Report every line of the records that contains the word "Answer".

[Opening DATASET ENTRIES section]

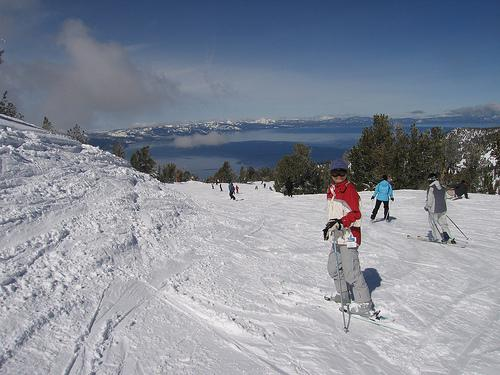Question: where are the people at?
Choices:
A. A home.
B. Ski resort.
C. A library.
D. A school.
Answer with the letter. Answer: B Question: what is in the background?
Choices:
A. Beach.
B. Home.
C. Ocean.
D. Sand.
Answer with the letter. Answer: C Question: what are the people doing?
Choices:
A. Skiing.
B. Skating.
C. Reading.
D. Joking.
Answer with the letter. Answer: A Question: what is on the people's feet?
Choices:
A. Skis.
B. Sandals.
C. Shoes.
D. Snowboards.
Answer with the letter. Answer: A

[Closing DATASET ENTRIES section]
[Opening DATASET ENTRIES section]

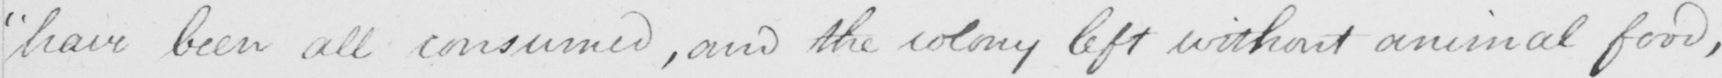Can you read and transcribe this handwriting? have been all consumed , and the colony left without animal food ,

[Closing DATASET ENTRIES section]

■ TASK RESULT ■
Answer with the letter. Answer: B Question: what is in the background?
Answer with the letter. Answer: C Question: what are the people doing?
Answer with the letter. Answer: A Question: what is on the people's feet?
Answer with the letter. Answer: A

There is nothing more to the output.